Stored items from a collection
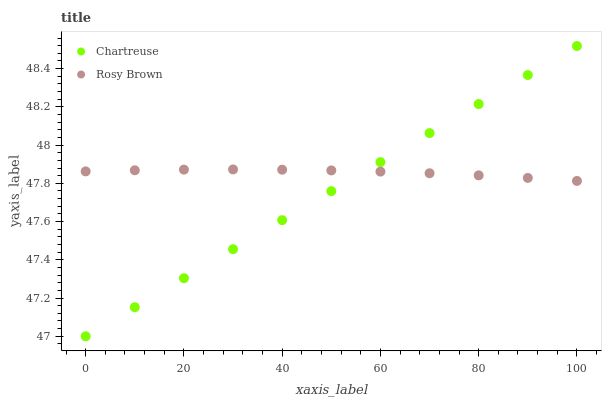Does Chartreuse have the minimum area under the curve?
Answer yes or no. Yes. Does Rosy Brown have the maximum area under the curve?
Answer yes or no. Yes. Does Rosy Brown have the minimum area under the curve?
Answer yes or no. No. Is Chartreuse the smoothest?
Answer yes or no. Yes. Is Rosy Brown the roughest?
Answer yes or no. Yes. Is Rosy Brown the smoothest?
Answer yes or no. No. Does Chartreuse have the lowest value?
Answer yes or no. Yes. Does Rosy Brown have the lowest value?
Answer yes or no. No. Does Chartreuse have the highest value?
Answer yes or no. Yes. Does Rosy Brown have the highest value?
Answer yes or no. No. Does Chartreuse intersect Rosy Brown?
Answer yes or no. Yes. Is Chartreuse less than Rosy Brown?
Answer yes or no. No. Is Chartreuse greater than Rosy Brown?
Answer yes or no. No. 
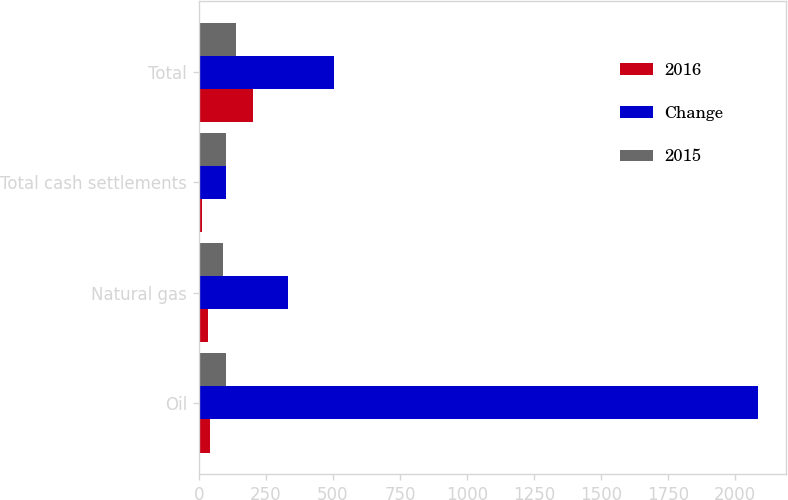Convert chart to OTSL. <chart><loc_0><loc_0><loc_500><loc_500><stacked_bar_chart><ecel><fcel>Oil<fcel>Natural gas<fcel>Total cash settlements<fcel>Total<nl><fcel>2016<fcel>41<fcel>35<fcel>11<fcel>201<nl><fcel>Change<fcel>2083<fcel>333<fcel>102<fcel>503<nl><fcel>2015<fcel>102<fcel>89<fcel>100<fcel>140<nl></chart> 
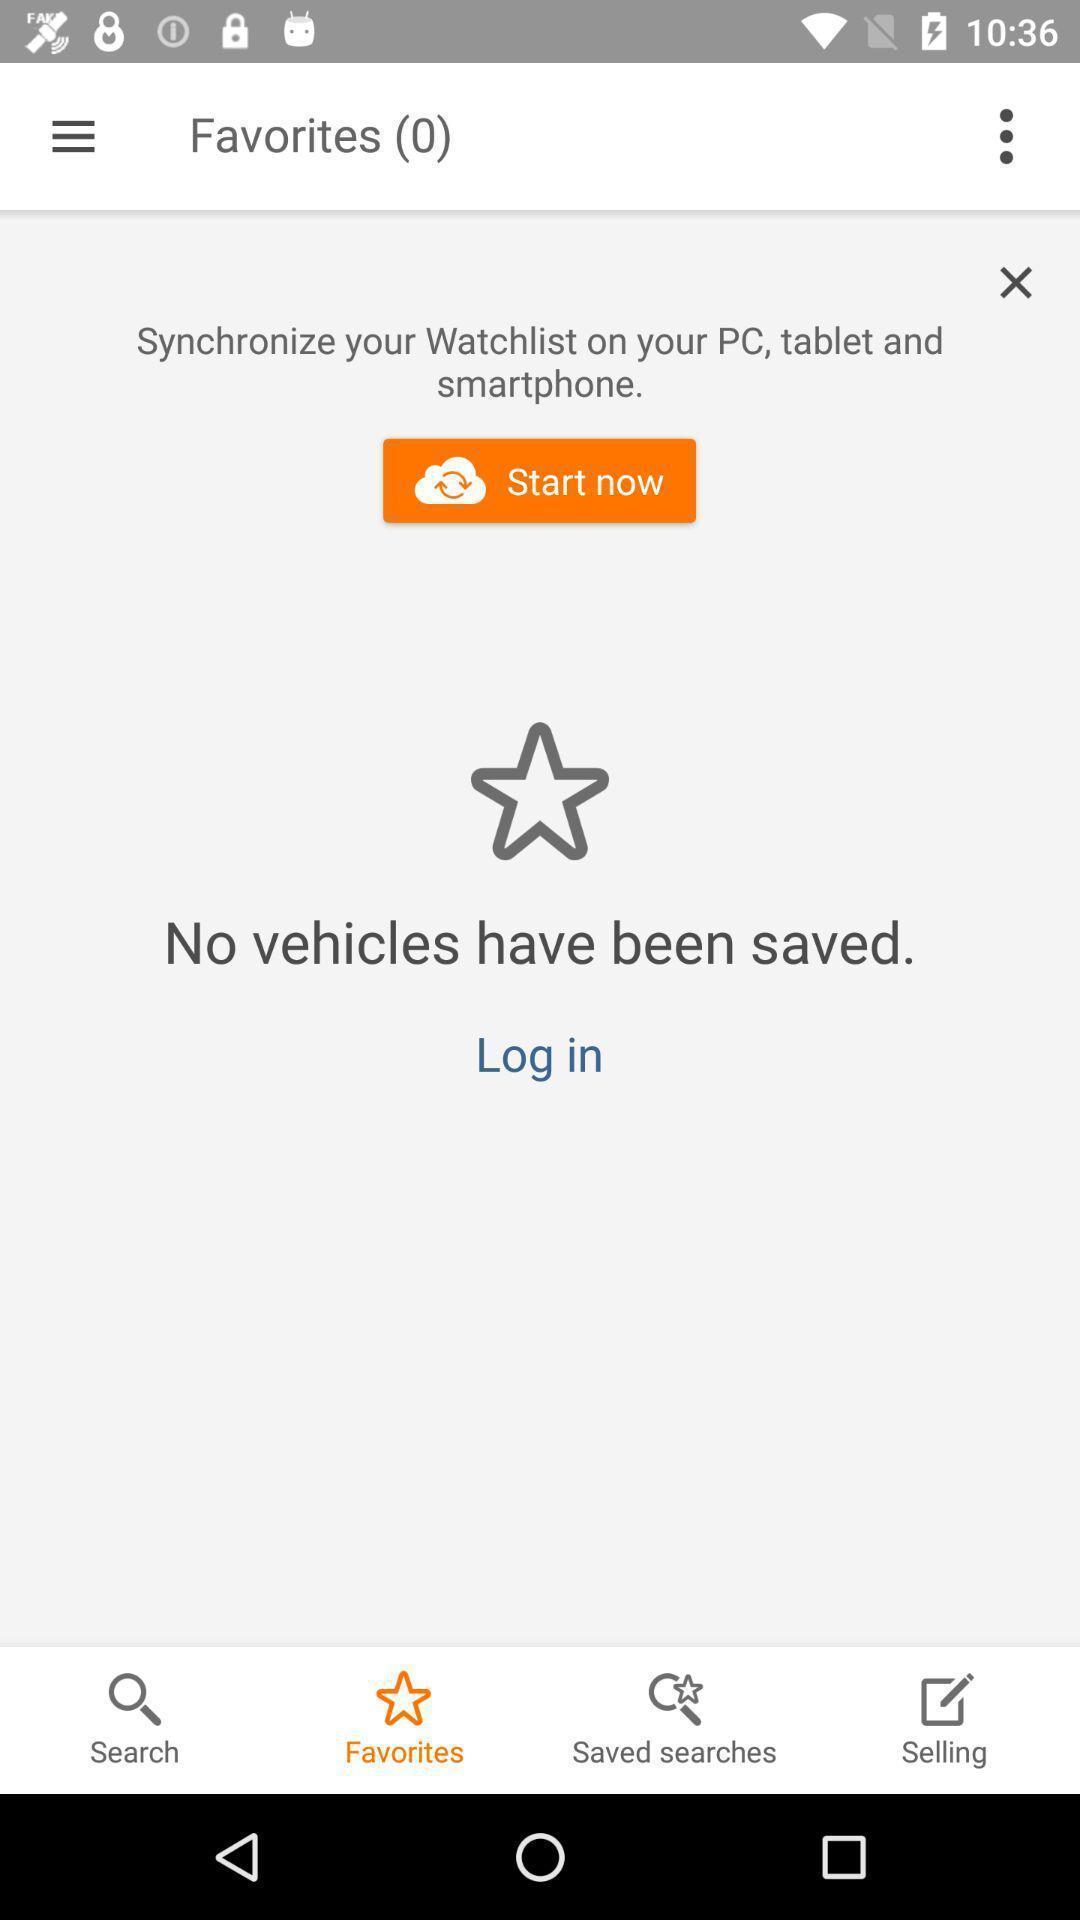Provide a description of this screenshot. Screen showing favorites page. 
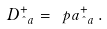<formula> <loc_0><loc_0><loc_500><loc_500>D ^ { + } _ { \hat { \ } a } = \ p a ^ { + } _ { \hat { \ } a } \, .</formula> 
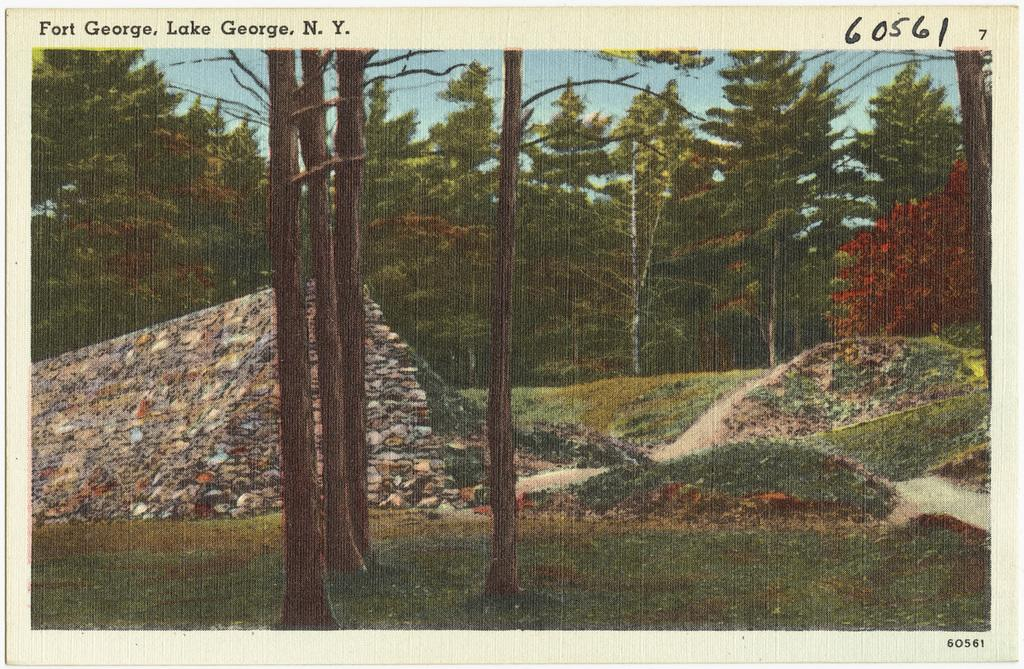How many tree trunks are visible in the image? There are four tree trunks in the image. What else can be seen in the background of the image? There are trees in the background of the image. What is written above the tree trunks? Unfortunately, the provided facts do not mention what is written above the tree trunks. How many legs can be seen on the cows in the image? There are no cows present in the image, so it is not possible to determine how many legs they might have. 
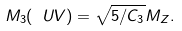Convert formula to latex. <formula><loc_0><loc_0><loc_500><loc_500>M _ { 3 } ( \ U V ) = \sqrt { 5 / C _ { 3 } } M _ { Z } .</formula> 
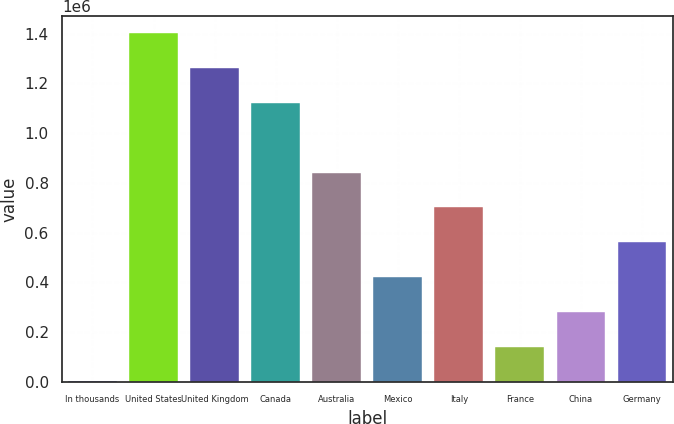Convert chart. <chart><loc_0><loc_0><loc_500><loc_500><bar_chart><fcel>In thousands<fcel>United States<fcel>United Kingdom<fcel>Canada<fcel>Australia<fcel>Mexico<fcel>Italy<fcel>France<fcel>China<fcel>Germany<nl><fcel>2009<fcel>1.40162e+06<fcel>1.26166e+06<fcel>1.12169e+06<fcel>841773<fcel>421891<fcel>701812<fcel>141970<fcel>281930<fcel>561852<nl></chart> 
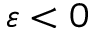Convert formula to latex. <formula><loc_0><loc_0><loc_500><loc_500>\varepsilon < 0</formula>

== Required action ==
Leaving out each picture, repeat exactly the lines above from the one that contains "Provide a description" through the one that contains "How many tree".

== Problem solution ==
Provide a description of this screenshot. Screen showing favorites page. 
<formula> <loc_0><loc_0><loc_500><loc_500>D ^ { + } _ { \hat { \ } a } = \ p a ^ { + } _ { \hat { \ } a } \, .</formula> 
How many tree trunks are visible in the image? There are four tree trunks in the image. What else can be seen in the background of the image? There are trees in the background of the image. What is written above the tree trunks? Unfortunately, the provided facts do not mention what is written above the tree trunks. How many legs can be seen on the cows in the image? There are no cows present in the image, so it is not possible to determine how many legs they might have. 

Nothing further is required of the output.